### DATA PROVIDED
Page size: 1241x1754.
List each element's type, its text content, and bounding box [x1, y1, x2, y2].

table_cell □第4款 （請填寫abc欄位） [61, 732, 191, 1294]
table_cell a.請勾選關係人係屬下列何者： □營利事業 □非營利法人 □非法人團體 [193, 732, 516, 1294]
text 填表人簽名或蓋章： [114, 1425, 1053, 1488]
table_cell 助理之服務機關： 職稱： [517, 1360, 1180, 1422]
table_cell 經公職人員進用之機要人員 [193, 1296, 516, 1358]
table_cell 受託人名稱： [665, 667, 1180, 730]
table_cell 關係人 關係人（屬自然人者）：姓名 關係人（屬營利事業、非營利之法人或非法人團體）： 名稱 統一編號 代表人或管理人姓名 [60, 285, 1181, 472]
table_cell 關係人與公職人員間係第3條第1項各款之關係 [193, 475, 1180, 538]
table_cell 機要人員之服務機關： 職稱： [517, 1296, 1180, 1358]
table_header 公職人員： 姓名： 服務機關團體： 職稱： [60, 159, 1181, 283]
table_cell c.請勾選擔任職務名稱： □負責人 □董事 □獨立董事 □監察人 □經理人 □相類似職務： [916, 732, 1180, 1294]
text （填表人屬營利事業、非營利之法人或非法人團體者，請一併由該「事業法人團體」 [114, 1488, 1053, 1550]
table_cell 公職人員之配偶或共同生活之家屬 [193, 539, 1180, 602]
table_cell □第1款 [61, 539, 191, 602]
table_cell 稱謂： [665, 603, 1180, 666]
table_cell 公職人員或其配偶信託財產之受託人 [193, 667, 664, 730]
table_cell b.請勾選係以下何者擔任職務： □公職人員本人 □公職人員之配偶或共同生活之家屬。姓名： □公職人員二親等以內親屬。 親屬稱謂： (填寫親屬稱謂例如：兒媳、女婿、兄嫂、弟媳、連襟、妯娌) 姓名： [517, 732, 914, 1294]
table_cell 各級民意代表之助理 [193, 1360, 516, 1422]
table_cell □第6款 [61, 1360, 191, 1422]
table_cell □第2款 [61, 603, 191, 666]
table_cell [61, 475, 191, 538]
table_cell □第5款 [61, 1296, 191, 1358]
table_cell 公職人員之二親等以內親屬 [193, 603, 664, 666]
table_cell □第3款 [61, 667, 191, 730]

* * *

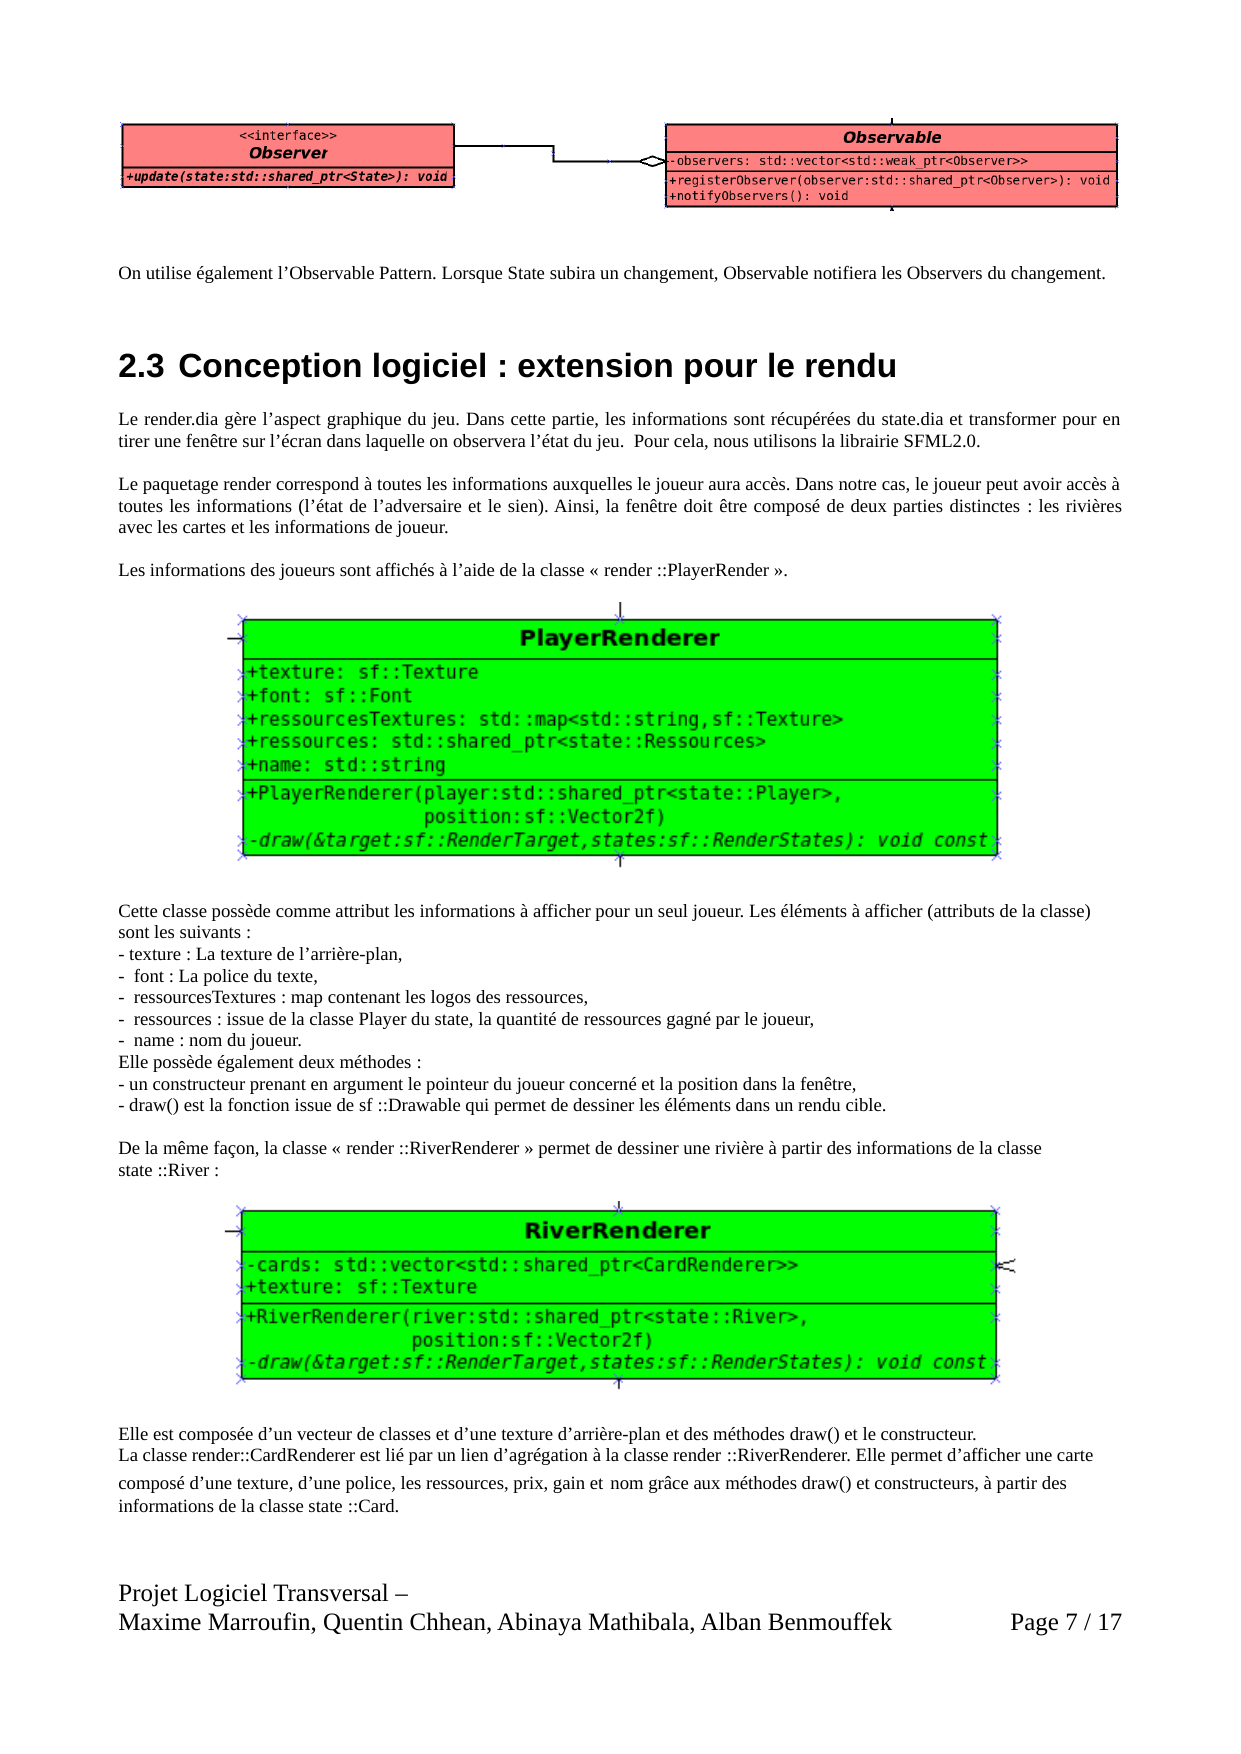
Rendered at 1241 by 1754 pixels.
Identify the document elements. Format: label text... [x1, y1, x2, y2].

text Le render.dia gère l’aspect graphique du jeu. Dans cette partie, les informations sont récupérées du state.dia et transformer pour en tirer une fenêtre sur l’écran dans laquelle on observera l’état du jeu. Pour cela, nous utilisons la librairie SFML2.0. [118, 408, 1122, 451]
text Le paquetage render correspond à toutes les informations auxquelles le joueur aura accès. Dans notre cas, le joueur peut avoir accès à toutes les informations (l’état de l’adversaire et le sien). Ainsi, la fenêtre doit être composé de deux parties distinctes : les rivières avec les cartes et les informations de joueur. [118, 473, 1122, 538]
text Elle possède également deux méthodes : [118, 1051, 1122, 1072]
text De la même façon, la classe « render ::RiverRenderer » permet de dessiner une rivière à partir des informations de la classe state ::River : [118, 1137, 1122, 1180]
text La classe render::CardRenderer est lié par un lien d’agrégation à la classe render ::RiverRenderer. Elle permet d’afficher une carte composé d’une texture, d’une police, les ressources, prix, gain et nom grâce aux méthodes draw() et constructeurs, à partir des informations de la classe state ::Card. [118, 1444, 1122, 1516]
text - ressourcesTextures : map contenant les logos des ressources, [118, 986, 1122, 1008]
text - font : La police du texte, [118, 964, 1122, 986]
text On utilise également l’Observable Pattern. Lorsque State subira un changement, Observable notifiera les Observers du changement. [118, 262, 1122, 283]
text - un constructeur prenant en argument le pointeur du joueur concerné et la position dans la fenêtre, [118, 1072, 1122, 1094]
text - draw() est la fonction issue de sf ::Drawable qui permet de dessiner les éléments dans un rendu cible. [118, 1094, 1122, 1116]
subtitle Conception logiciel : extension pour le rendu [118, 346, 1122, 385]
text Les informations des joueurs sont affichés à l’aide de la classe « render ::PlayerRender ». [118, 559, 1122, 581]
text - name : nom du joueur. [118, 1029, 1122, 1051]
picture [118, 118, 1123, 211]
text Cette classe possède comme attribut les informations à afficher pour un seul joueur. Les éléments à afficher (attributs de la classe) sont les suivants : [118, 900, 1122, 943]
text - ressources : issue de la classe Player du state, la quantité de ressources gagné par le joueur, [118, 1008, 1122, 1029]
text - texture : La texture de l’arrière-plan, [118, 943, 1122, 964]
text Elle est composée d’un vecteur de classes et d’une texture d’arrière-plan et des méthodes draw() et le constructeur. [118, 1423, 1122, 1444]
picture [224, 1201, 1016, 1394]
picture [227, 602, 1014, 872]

---

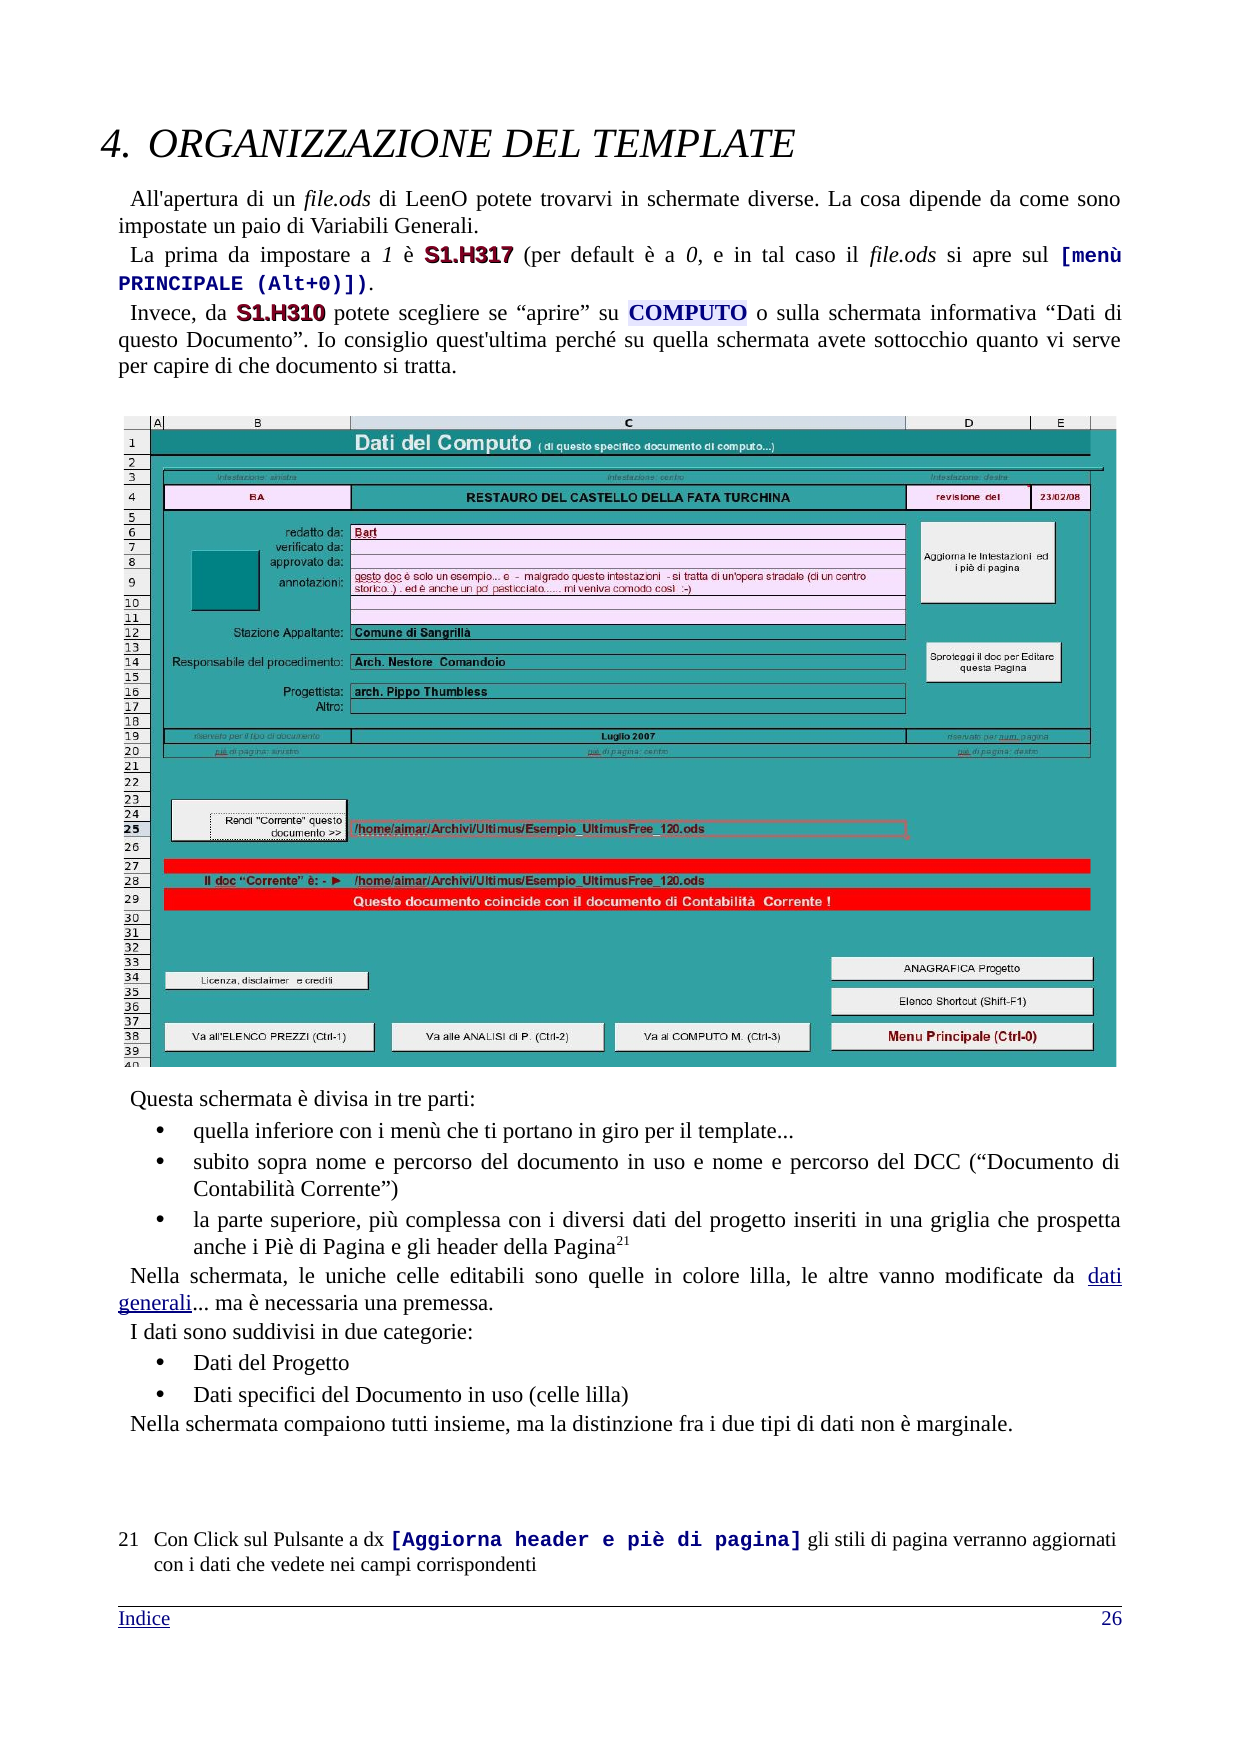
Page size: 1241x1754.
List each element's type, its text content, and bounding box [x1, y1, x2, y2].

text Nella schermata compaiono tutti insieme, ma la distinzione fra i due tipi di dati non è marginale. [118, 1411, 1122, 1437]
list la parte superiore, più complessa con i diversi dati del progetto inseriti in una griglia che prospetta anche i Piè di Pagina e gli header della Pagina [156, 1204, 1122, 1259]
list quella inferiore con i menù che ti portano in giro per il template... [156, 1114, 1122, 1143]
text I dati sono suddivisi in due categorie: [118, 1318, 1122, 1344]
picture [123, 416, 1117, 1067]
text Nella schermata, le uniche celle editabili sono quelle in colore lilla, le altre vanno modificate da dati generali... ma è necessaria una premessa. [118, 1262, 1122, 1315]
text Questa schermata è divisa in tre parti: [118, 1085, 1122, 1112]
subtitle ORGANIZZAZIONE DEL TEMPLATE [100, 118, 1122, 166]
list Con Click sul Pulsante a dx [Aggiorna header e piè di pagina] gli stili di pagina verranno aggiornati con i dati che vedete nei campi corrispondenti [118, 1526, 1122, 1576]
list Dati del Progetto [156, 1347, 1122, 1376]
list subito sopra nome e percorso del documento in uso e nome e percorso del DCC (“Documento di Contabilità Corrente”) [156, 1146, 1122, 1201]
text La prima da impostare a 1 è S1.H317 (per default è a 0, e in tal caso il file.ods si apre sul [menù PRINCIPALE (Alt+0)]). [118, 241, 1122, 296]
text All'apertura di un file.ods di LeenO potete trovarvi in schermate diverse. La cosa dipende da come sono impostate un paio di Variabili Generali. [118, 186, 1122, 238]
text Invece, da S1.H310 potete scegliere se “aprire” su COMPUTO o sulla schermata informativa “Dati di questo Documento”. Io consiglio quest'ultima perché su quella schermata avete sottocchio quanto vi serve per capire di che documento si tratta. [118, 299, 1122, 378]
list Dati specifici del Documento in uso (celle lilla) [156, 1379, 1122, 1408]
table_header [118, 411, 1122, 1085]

### TASK TO CARRY OUT
From the records above, quote only the lines running from the line with "table_cell 稱謂： [665, 603, 1180, 666]" to the line with "table_cell □第6款 [61, 1360, 191, 1422]", both lines included.

### OUTPUT
table_cell 稱謂： [665, 603, 1180, 666]
table_cell 公職人員或其配偶信託財產之受託人 [193, 667, 664, 730]
table_cell b.請勾選係以下何者擔任職務： □公職人員本人 □公職人員之配偶或共同生活之家屬。姓名： □公職人員二親等以內親屬。 親屬稱謂： (填寫親屬稱謂例如：兒媳、女婿、兄嫂、弟媳、連襟、妯娌) 姓名： [517, 732, 914, 1294]
table_cell 各級民意代表之助理 [193, 1360, 516, 1422]
table_cell □第6款 [61, 1360, 191, 1422]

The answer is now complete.